COETAIL has been a lot of work, a lot of coffee, a lot of reading, a lot of thinking, a lot of collaboration, a lot of learning, a lot of growing. As my students are diligently working to complete their summative tasks for our unit, and I am very excited to see how their work plays out, I thought it a good time to reflect and think about some of the ways COETAIL has resulted in tangible changes in my day-to-day teaching. Below is a collection of those thoughts on how I have
An appreciation of paper
One of the strange ways that COETAIL 13 has changed my thinking is more of an appreciation for paper based activities. There are so many valuable tools that could be leveraged with technology, but if I am simply taking an activity online, I am now more open to paper based activities. If it is a close reading activity, where students are working together, having a nice A3 print out and some highlighters is always great. Now, I may take time to add in a Flipgrid reflection to help them to connect with their peers to help leverage technology. Thinking of the SAMR model, if I am not planning on modifying or redefining the activity, I do not want to use technology just for technology sake. Students spend lots of time on their devices, I am now more careful with ensuring each activity is worth the screen time.
Pushing my Pedagogy
I started COETAIL shortly after finishing my M. Ed. and was excited but also a bit hesitant as most of my education had come from completing degrees. Yet, the volume of ideas, practice, assignments, projects, and overall engagement from the program really helped push my practice forward. Further, it allowed me to be more open to other forms of PD. Last year I completed the TEMC course on Teaching English in Multicultural Classrooms to learn more about linguistic strategies and am now in training to be a tutor and deliver the course to my peers next year. I also am part of my school’s Data Team and worked with Matthew Savage of the Mona Lisa Effect to better understand how to use data to improve student wellbeing, and by extension achievement.

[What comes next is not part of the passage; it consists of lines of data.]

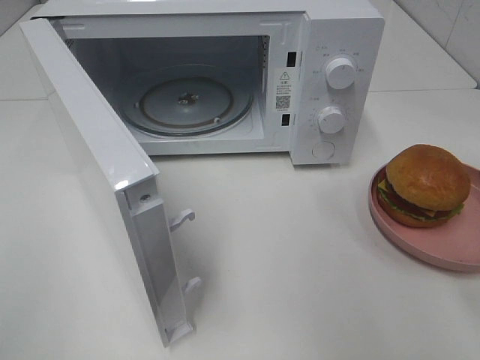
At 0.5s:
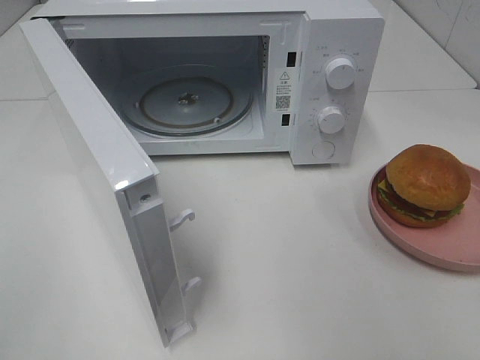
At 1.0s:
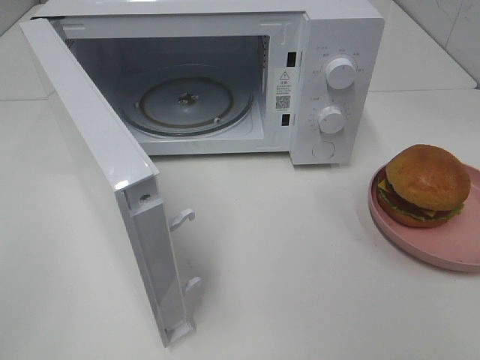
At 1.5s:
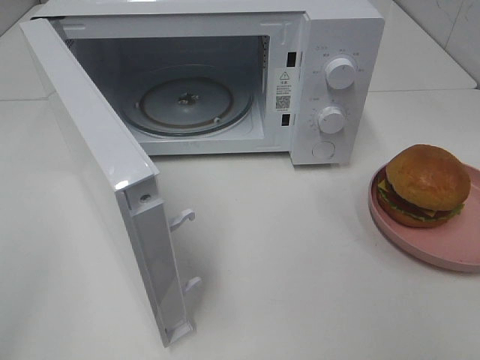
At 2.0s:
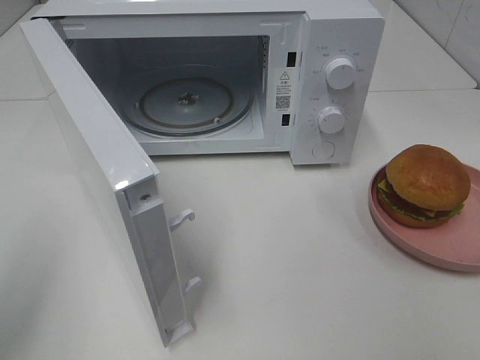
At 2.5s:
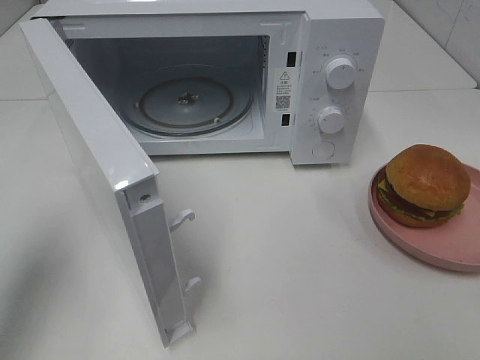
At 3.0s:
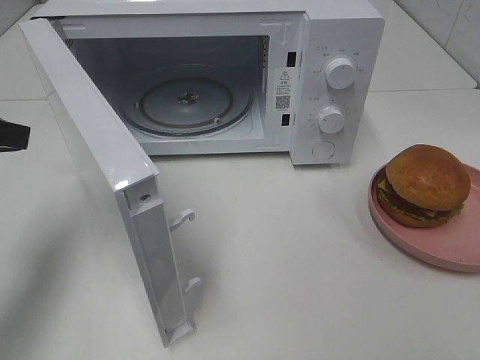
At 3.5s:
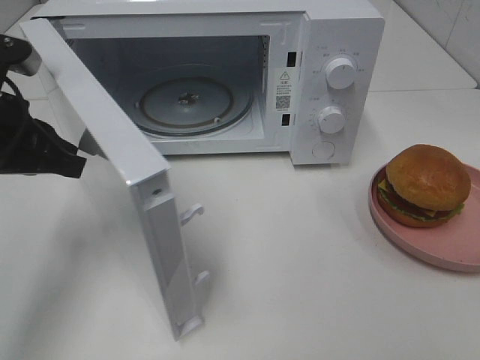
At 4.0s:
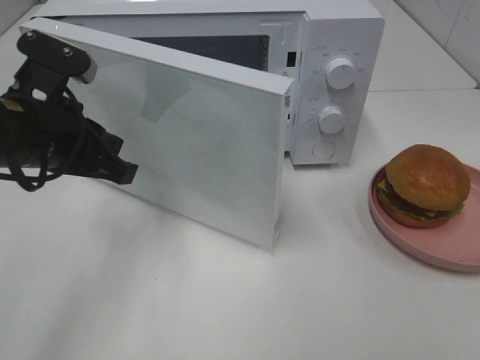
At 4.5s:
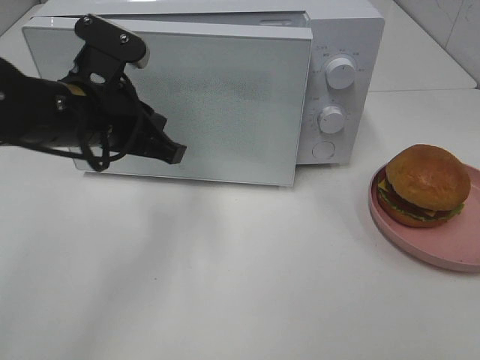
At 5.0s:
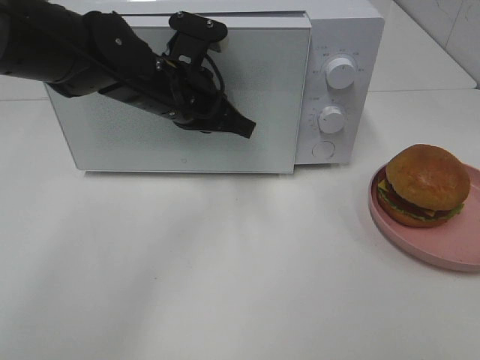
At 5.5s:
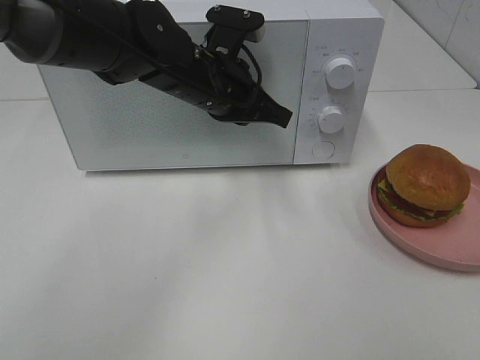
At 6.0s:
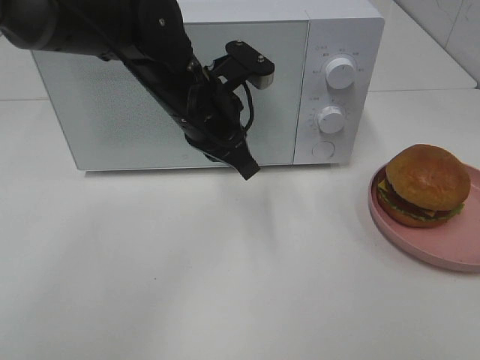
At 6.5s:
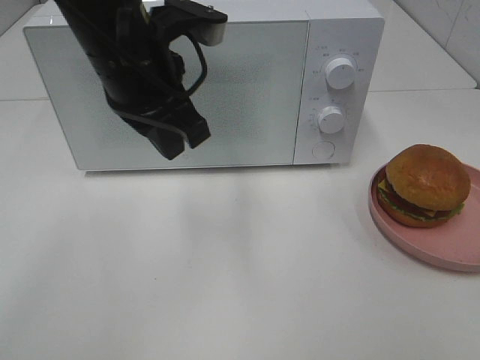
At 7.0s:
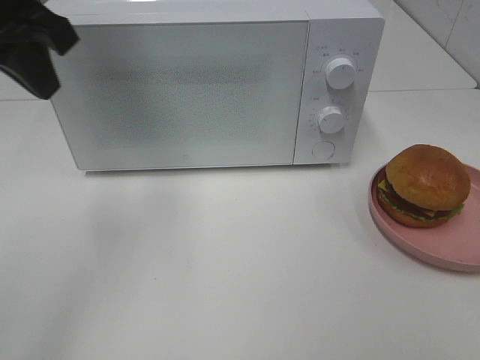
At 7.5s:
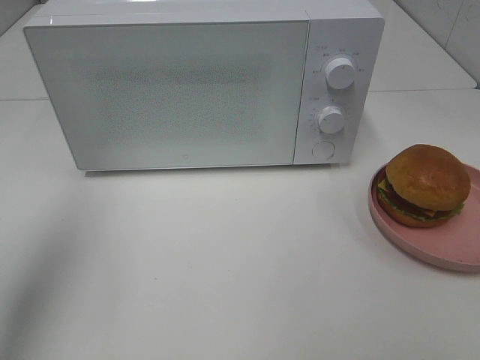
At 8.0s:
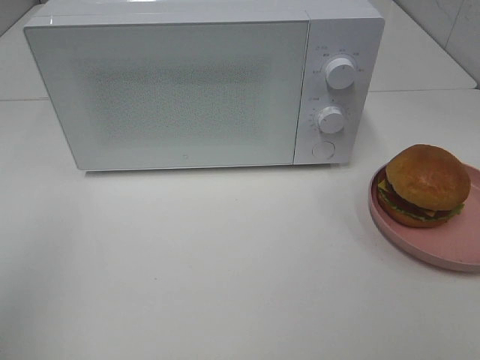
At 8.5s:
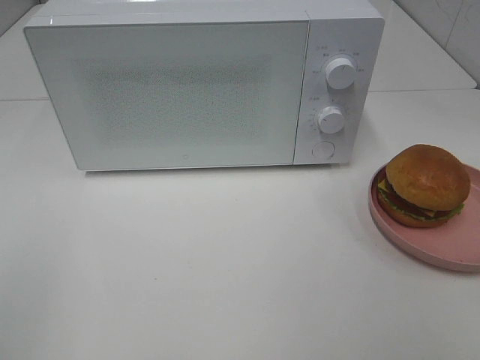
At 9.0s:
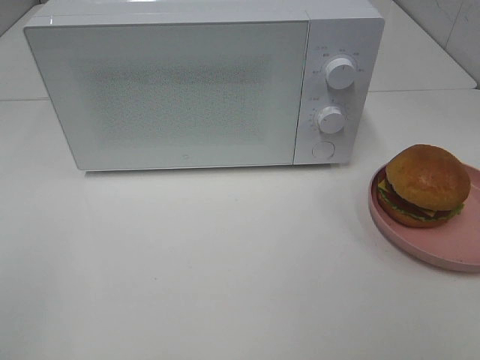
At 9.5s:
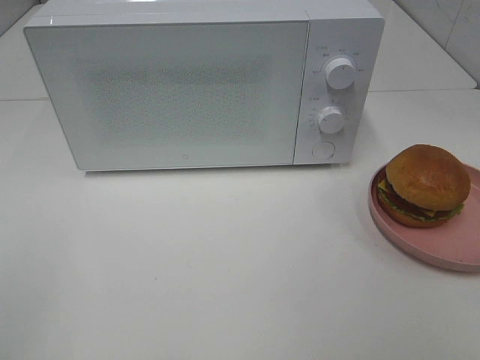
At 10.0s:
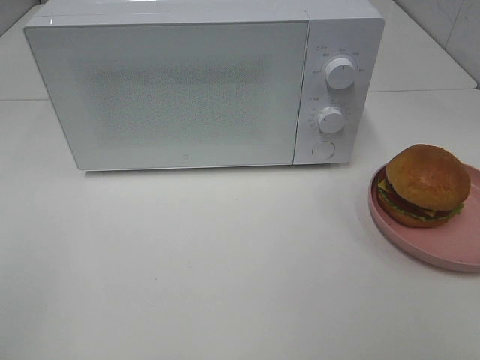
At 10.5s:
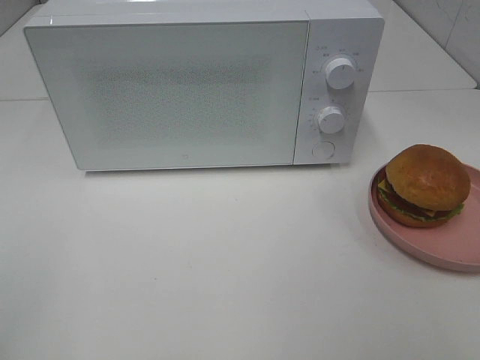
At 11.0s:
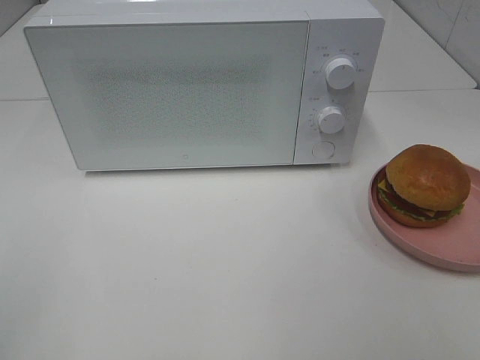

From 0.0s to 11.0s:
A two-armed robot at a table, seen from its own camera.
Task of the whole recording: Heat the burger.
Step, from 0.0s to 5.5s: Left hand: close the microwave door.
From 0.0s to 2.0s: The left gripper heads forward, covering approximately 10 cm.
From 2.0s to 3.5s: The left gripper heads forward, downward and to the right, covering roughly 20 cm.
From 3.5s to 5.5s: The left gripper shifts some 20 cm to the right and forward.
From 5.5s to 7.5s: The left gripper travels to the left, backward and upward by about 35 cm.
From 7.5s to 9.0s: The left gripper travels backward by about 20 cm.

The value I got from COETAIL has helped reinforced the need for teachers to keep growing and learning.
Ways I have started to leverage technology to ensure greater critical thinking, collaboration, creativity, communication, character, and citizenship
- Allowing more student agency in choosing topics- I have outlined how I have been doing this for my COETAIL Course 5 final project here. Already, the feedback from my students have been extremely positive and watching them work to create different products has me thinking of how to keep this going in future assessments
- Creating places for students to share their work– Many times students have outlined that they feel their work gets lost once the reporting period is done. Early on in COETAIL I considered myself a lurker, in that I would be more likely to take information from online communities without contributing. My grade 7 class recently created a series of Black Death diaries to recreate what life was like during 1349 in Europe. To help push myself away from a lurker, and to give the students some agency, I am putting together a website to share their work. Part of this is for me to use it next year with students as a unit intro, and part is to share the idea with other teachers who want to use it as a way to investigate the Black Death. Further, at the end of my Grade 6 class project on ancient civilization, I will be sharing that online and putting together a website to share their work. Even if their work is only shown to future students I teach, being able to see models of work will help me re-evaluate the effectiveness of my teaching and will help students to understand what is expected of them.

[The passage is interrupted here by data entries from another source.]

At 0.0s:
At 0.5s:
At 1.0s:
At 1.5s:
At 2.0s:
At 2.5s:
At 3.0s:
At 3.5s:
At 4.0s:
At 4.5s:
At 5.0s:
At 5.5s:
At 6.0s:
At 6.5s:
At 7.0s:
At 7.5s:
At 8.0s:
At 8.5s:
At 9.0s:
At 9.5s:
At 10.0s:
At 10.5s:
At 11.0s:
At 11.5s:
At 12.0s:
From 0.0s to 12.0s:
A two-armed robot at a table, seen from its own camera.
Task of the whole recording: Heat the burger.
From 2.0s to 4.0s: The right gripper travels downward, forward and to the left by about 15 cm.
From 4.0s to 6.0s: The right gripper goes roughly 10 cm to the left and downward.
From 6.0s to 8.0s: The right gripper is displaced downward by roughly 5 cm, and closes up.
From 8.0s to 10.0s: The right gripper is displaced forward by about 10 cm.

- Putting more emphasis on creating digital artifacts that will travel with them-> While this ties in with the idea above, I have been spending more time on our schools use of Digital Portfolios to ensure they reflect on their learning process and critically think about how they can improve. Part of this is from the COETAIL readings and ideas, and part is from the overall process of the course focusing me to reflect on myself.
- Focusing on positive comments on feedback-> with increased use of online tools, I have been really focusing on how students interact in the digital space. Whether this is having students leave feedback on Wix, Flipgrid, or with reflections on other students work, understanding the role they play in creating a positive online community has been a key idea in my class
- Improved instruction- starting last year when my school went online, I found that recording short video instructions was key as not all students would be able to be online at the same time. This year, with more students being out of class for Covid and having to follow along at home or catch-up when they are back, I turned to making more videos. One of my students suggested I switch to posting them on Youtube as many of my loom videos would have trouble playing. Now, I am putting together short and long videos, either as quick instructions for the overall lesson or as longer walk throughs on a task, to help guide my students. This has given me more time to focus on students who need support and less time repeating instructions. It has also helped to put responsibility on students to seek out the answers themselves, as they know that I won’t answer a question if I have covered it in the video.
I think many of the ideas above are ones that have bandied around my head at different points, but taking the time to clue into the logical and reasoning for those decisions. To link my action with current best practices and to understand the benefit of increasing student agency, focusing on positive comments, pushing tasks beyond the classroom, and focusing on SAMR have been just a few of the ways I have benefited from COETAIL. The next step is to help those around me by sharing those ideas.